The other members of the group are
Jan Hladký,
Josef Cibulka,
our group leader is Martin Bálek.
Our advisors are Eric Allender
and Jeff Kahn

I'm working on this computer science problem:

### Planarity testing

Quite recently it was proven, that testing of planarity of a graph is in a complexity class L. L is class of problems that can be solved using Turing machine with logarihmic space. The classification of the planarity testing was proved by applicating very complicated (originally parallel optimized) algorithm by Ramachandran & Reif. My goal would be to simplify the proof.
Recently I have found a bug in paper by Ramachandran & Reif (RR94): a partial claim doesn't hold. I can't see any obvious "patch", but the bug might not affect the final result. I'd like to figure out that by further careful study of the paper.

I haven't still gone through the whole [RR94] paper, but it seems to me very probable, that the result of the paper is OK. Even the partial claim on page 8 could be corrected, I think, by adding a test of Euler formula for the star graph combinatorically embedded according to 2-coloring of its interlacing parity graph. (Which is Martin's idea and he found it in prof. Allender's paper The complexity of planarity testing)

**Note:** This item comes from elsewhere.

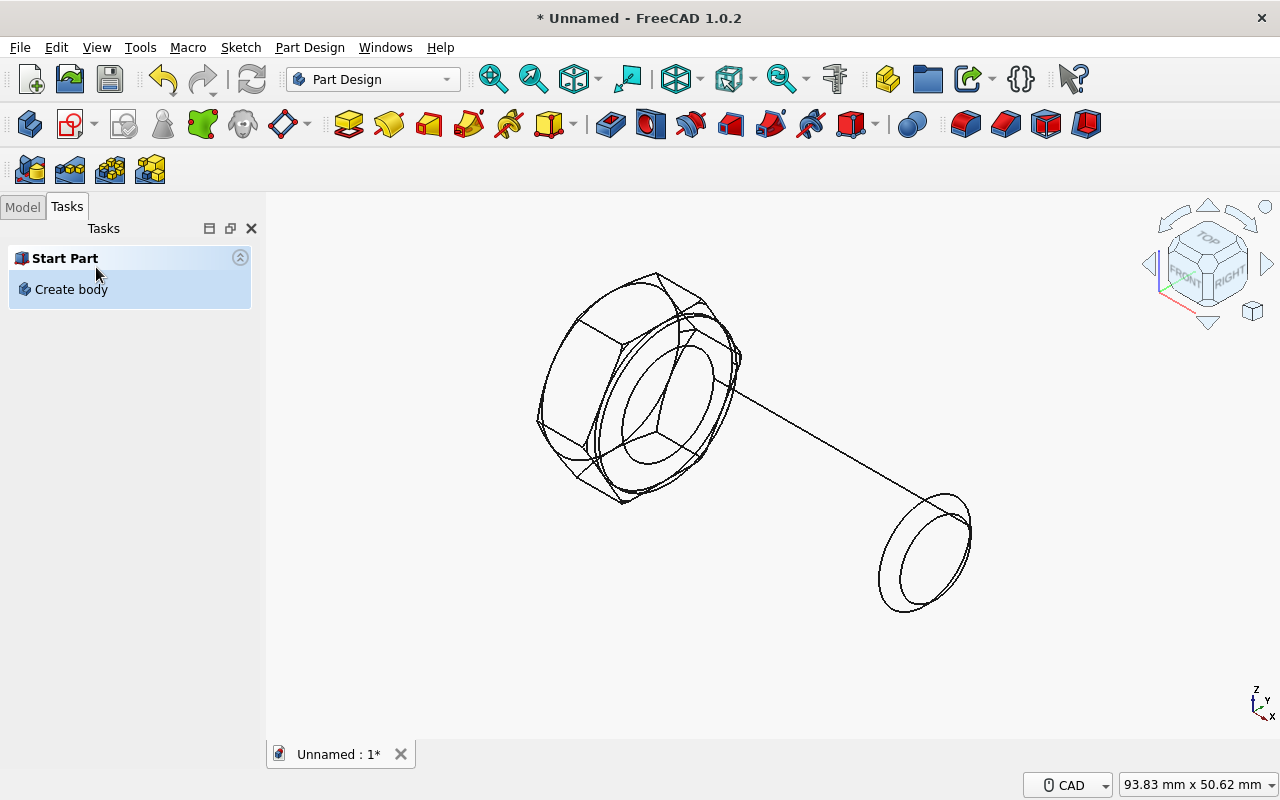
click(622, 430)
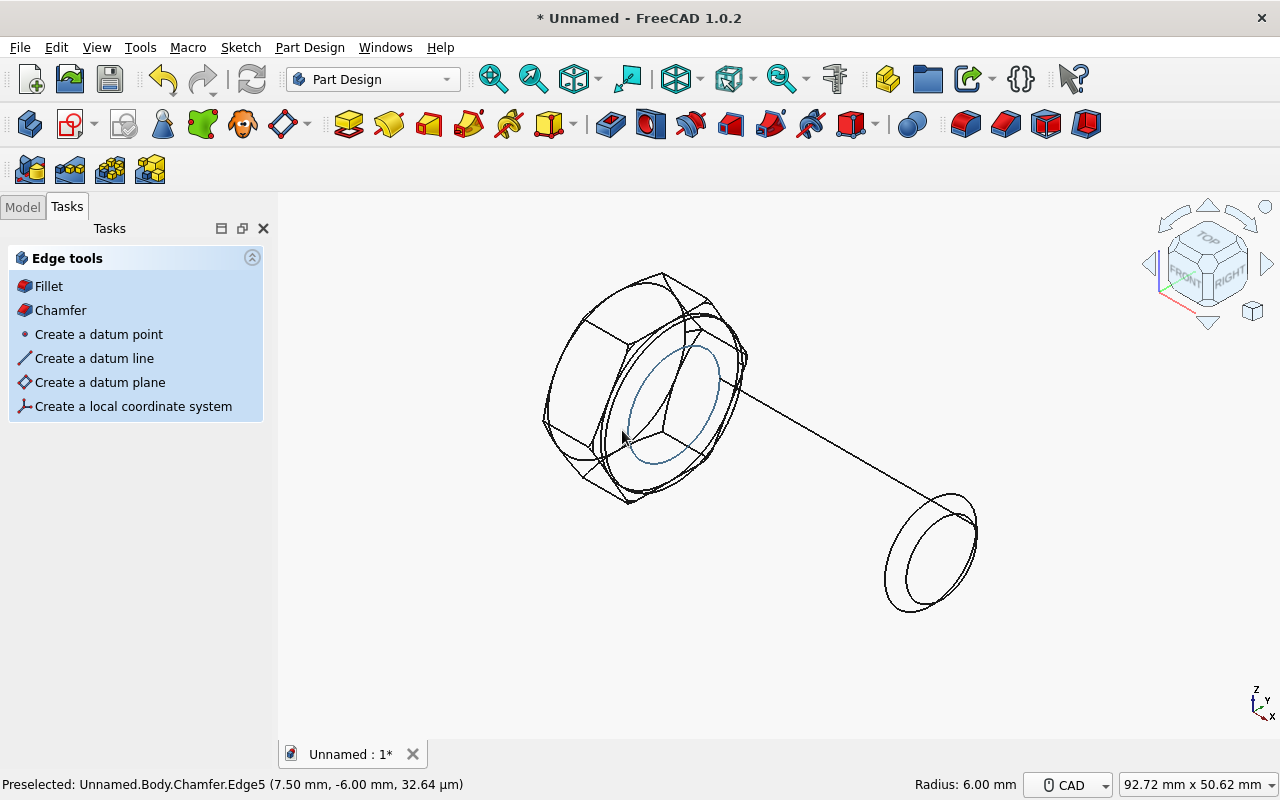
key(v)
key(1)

I chose a new way, influenced by my advisor's idea and inspired by a technique described in [RR94] paper. An idea is to use older planarity testing for max. degree 3-graphs and just to come up with reduction from general graph planarity. A technique is local graph replacement, which is part of [RR94] algorithm and which does a partial reduction of degree of some vertices. I'll try to improve the technique to do the job.